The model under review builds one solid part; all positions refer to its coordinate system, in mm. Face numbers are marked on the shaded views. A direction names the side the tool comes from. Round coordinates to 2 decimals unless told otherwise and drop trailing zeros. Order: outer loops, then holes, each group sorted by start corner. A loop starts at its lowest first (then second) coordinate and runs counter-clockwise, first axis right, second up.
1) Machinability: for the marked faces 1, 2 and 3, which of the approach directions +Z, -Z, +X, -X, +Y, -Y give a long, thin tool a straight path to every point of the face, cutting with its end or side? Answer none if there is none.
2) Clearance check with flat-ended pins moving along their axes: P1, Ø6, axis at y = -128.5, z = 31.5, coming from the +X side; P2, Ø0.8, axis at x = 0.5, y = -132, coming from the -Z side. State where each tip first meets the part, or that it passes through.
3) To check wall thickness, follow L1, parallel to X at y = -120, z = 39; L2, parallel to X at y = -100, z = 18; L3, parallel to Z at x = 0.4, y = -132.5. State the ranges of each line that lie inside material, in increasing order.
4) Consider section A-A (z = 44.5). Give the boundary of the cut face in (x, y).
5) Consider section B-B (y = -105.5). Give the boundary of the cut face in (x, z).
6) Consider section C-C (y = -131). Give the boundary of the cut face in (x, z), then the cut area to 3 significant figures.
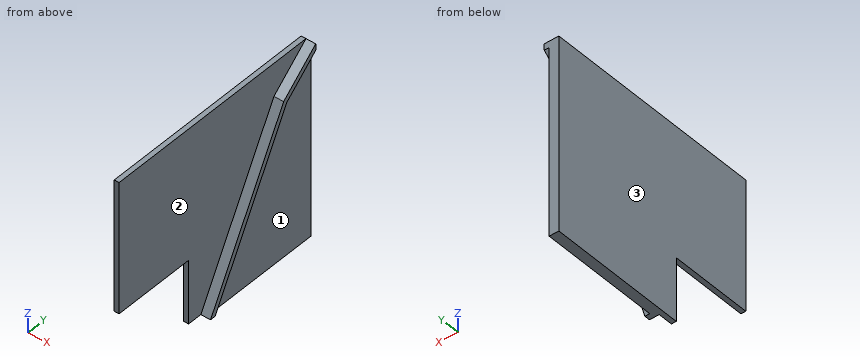
from build123d import *

# Parameters (mm, degrees)
F1_DEPTH = 1
F2_DEPTH = 3
F3_DEPTH = 2


with BuildPart() as f1:
    # F0 (on Right) → F1 (new body)
    with BuildSketch(Plane.YZ):
        Polygon((-91.161479, 53.232064), (-137.161479, 53.232064), (-137.161479, 26.232064), (-127.161479, 26.232064), (-120.057479, 26.232064), (-120.057479, 13.132064), (-117.057479, 13.132064), (-99.057374, 46.433675), align=None)
    extrude(amount=F1_DEPTH)

    # F0 (on Right) → F2 (join)
    with BuildSketch(Plane.YZ):
        Polygon((-91.161479, 51.912471), (-91.161479, 53.232064), (-99.057374, 46.433675), (-117.057479, 13.132064), (-115.920747, 13.132064), (-98.265271, 45.796085), align=None)
    extrude(amount=F2_DEPTH)

    # F0 (on Right) → F3 (join)
    with BuildSketch(Plane.YZ):
        Polygon((-91.161479, 26.232064), (-91.161479, 51.912471), (-98.265271, 45.796085), (-115.920747, 13.132064), (-91.161479, 13.132064), align=None)
    extrude(amount=F3_DEPTH)


solid = f1.part
Answer below:
1. face 1: -Z, +X, +Y
1. face 2: +Z, +X, -Y
1. face 3: +Z, -Z, -X, +Y, -Y
2. P1: stops at x = 1
2. P2: stops at z = 26.23
3. L1: x = 0 to 1
3. L2: x = 0 to 2
3. L3: z = 26.23 to 53.23
4. outline: (0, -137.16) - (1, -137.16) - (1, -100.1) - (3, -100.1) - (3, -98.97) - (2, -98.97) - (2, -91.16) - (0, -91.16) - close
5. outline: (0, 13.13) - (2, 13.13) - (2, 32.41) - (3, 32.41) - (3, 34.51) - (1, 34.51) - (1, 53.23) - (0, 53.23) - close
6. outline: (0, 26.23) - (1, 26.23) - (1, 53.23) - (0, 53.23) - close
6. area: 27.0 mm2

□ □ □

Among the entries above, locate the lines containing "F1_DEPTH = 1" and "1. face 1: -Z, +X, +Y", and transcribe exactly those two lines and all lines between.

Task result –
F1_DEPTH = 1
F2_DEPTH = 3
F3_DEPTH = 2


with BuildPart() as f1:
    # F0 (on Right) → F1 (new body)
    with BuildSketch(Plane.YZ):
        Polygon((-91.161479, 53.232064), (-137.161479, 53.232064), (-137.161479, 26.232064), (-127.161479, 26.232064), (-120.057479, 26.232064), (-120.057479, 13.132064), (-117.057479, 13.132064), (-99.057374, 46.433675), align=None)
    extrude(amount=F1_DEPTH)

    # F0 (on Right) → F2 (join)
    with BuildSketch(Plane.YZ):
        Polygon((-91.161479, 51.912471), (-91.161479, 53.232064), (-99.057374, 46.433675), (-117.057479, 13.132064), (-115.920747, 13.132064), (-98.265271, 45.796085), align=None)
    extrude(amount=F2_DEPTH)

    # F0 (on Right) → F3 (join)
    with BuildSketch(Plane.YZ):
        Polygon((-91.161479, 26.232064), (-91.161479, 51.912471), (-98.265271, 45.796085), (-115.920747, 13.132064), (-91.161479, 13.132064), align=None)
    extrude(amount=F3_DEPTH)


solid = f1.part
Answer below:
1. face 1: -Z, +X, +Y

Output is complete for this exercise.